Case-finding / opportunistic screening happens when a patient consults a health practitioner for a given purpose and the practitioner subsequently refers the patient to screen for a different disease unrelated to the original purpose of the visit.
Related to the concept of screening is diagnostic testing, which refers to tests and medical procedures done to identify the presence of diseases in people who are displaying signs and symptoms. The calculations and concepts of diagnostic tests are the same as those done for screening tests in this chapter, with the main difference being whether the test is done among apparently healthy people (i.e., screening tests) or among people showing signs and symptoms (i.e., diagnostic tests). Thus, most of the content in this chapter (except for remarks on biases) should be considered applicable for diagnostic testing as well.
12.2 Sensitivity and Specificity of the Screening Test
When a screening test is performed, the test will yield either a positive result or a negative result. However, no screening test is perfect. Among those who tested positive, there will be: 1) those who DO have the disease (true positive, or TP); and 2) those who actually DO NOT have the disease (false positive, or FP). Among those who tested negative, there will be: 1) those who DO NOT have the disease (true negative, or TN); and 2) those who actually DO have the disease (false negative, or FN).
In order for a screening test to work as intended, the test must be able to distinguish those who have the disease and those who do not have the disease in a satisfactory manner. This is called “validity” (Gordis, 2014).
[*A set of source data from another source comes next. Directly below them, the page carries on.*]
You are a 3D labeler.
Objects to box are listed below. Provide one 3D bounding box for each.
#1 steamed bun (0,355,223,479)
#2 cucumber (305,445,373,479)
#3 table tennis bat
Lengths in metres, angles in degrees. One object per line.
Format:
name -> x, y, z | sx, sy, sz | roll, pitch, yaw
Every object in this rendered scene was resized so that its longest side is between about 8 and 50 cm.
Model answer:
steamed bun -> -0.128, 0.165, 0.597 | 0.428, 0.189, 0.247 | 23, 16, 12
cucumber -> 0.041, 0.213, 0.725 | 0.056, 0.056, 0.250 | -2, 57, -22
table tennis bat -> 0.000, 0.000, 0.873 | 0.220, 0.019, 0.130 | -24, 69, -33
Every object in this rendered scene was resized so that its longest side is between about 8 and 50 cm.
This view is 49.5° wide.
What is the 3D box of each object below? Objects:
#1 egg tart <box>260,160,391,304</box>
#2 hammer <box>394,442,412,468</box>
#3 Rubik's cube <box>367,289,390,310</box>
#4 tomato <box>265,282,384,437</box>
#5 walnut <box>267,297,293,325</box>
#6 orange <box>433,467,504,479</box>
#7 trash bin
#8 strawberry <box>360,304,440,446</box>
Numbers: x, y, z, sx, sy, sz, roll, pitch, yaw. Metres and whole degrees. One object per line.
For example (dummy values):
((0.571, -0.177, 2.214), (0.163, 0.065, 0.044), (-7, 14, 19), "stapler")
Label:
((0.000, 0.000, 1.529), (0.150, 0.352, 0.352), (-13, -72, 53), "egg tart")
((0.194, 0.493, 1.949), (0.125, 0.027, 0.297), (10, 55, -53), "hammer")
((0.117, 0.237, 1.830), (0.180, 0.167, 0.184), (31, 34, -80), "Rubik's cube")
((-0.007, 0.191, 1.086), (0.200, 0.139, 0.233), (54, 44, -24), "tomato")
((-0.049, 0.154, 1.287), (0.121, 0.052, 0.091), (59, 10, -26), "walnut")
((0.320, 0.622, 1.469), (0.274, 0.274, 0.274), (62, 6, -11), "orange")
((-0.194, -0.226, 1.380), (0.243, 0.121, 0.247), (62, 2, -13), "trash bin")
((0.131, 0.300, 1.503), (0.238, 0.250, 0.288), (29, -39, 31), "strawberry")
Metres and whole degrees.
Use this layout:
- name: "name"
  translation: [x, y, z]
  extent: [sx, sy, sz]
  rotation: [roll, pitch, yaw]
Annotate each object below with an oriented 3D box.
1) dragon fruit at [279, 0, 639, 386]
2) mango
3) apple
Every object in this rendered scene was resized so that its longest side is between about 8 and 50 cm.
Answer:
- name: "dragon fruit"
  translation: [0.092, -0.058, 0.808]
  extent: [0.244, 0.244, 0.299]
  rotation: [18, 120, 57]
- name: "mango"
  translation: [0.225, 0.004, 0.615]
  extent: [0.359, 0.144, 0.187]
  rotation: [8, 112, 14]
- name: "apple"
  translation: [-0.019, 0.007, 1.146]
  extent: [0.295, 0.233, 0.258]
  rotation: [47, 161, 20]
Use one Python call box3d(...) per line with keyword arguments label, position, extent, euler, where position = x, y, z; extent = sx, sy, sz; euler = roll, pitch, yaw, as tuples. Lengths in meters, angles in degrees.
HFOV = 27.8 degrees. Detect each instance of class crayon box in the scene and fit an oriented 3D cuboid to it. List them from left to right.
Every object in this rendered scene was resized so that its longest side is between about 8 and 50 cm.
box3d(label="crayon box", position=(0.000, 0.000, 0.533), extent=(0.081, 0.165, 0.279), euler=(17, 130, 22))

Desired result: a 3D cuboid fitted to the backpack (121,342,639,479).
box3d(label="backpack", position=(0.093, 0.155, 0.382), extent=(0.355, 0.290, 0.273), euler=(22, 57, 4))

Validity has four components:
1) Sensitivity refers to the ability to correctly identify those with the disease (that is, the probability that a screening test identifies someone with a disease out of the population with the disease). In other words:
SENSITIVITY = TP/(TP+FN)
2) Specificity refers to the ability to correctly identify those without the disease (that is, the probability that a screening test identifies someone without a disease out of the population without the disease). In other words:
SPECIFICITY = TN/(TN+FP)
3) Positive predictive value (PPV) refers to the probability that a person with a positive screening test result actually has the disease. In other words:
Positive Predictive Value (PPV) = TP/(TP + FP)
4) Negative predictive value (NPV) refers to the probability that a person with a negative screening test result actually does not have the disease. In other words:
Negative Predictive Value (NPV) = TN/(TN + FN)
An example of this concept can be found in Table 12.1 and the subsequent calculations under the table (Gordis, 2014).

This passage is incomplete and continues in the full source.